**What the task requires:**
All lines in the material below that contain "reads" should be located and copied.

**The input:**

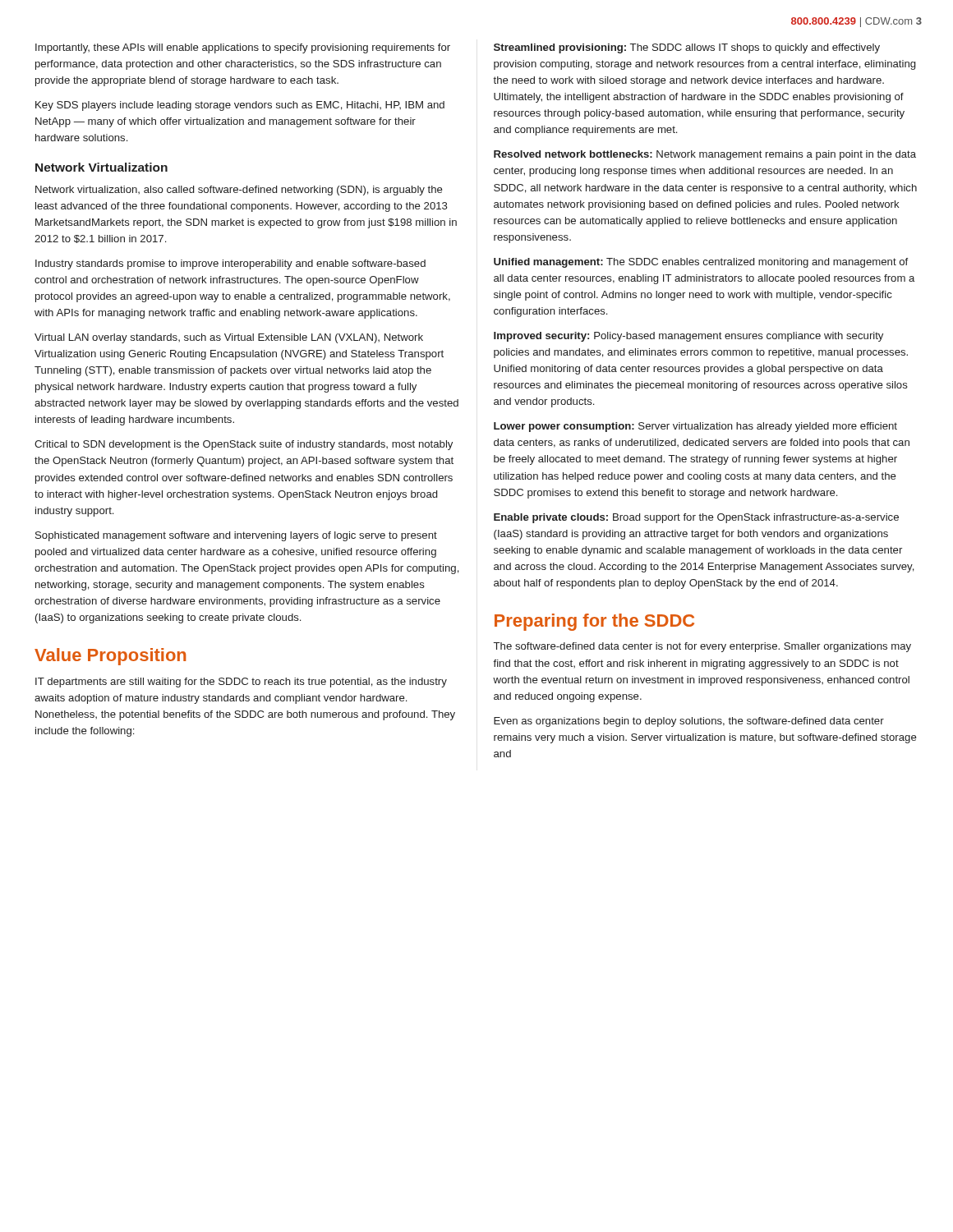Find the region starting "Value Proposition"

[x=111, y=655]
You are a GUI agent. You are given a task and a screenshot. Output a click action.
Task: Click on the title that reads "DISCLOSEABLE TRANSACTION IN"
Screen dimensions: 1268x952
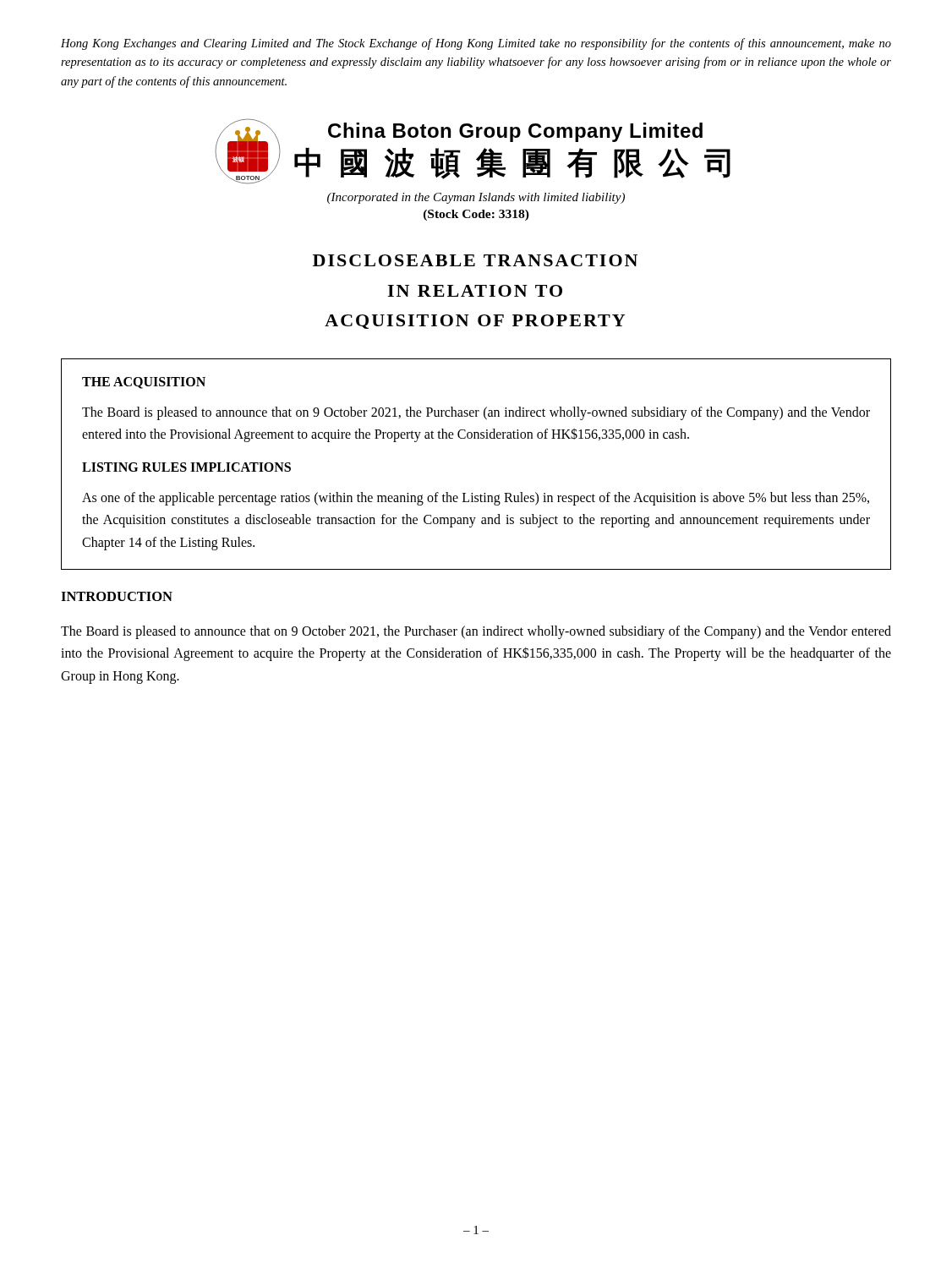pyautogui.click(x=476, y=290)
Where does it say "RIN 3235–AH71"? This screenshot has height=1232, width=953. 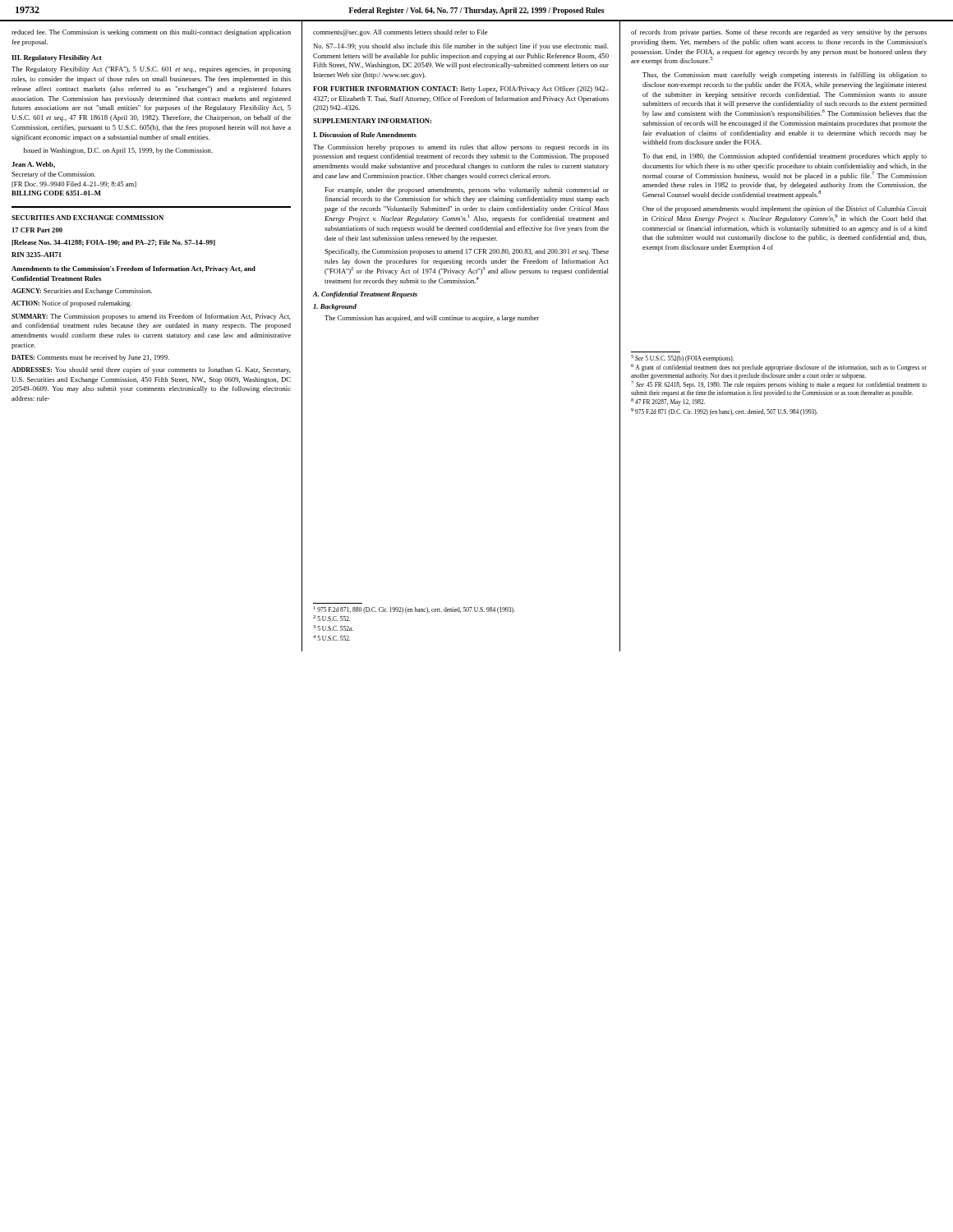point(151,255)
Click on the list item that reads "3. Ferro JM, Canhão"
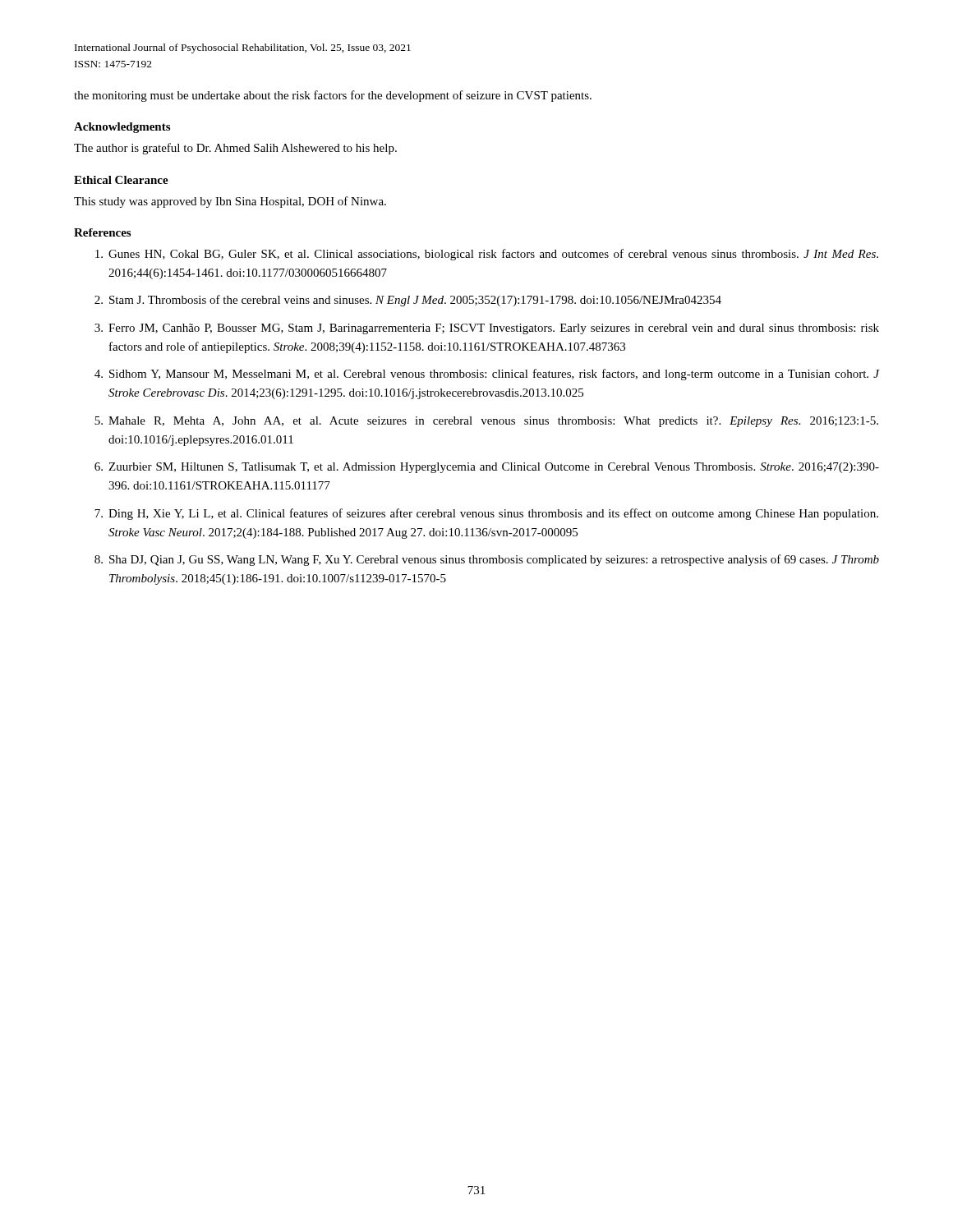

**Result:**
Task: Click on the title that reads "DISCLOSEABLE TRANSACTION IN"
Click on the list item that reads "3. Ferro JM, Canhão"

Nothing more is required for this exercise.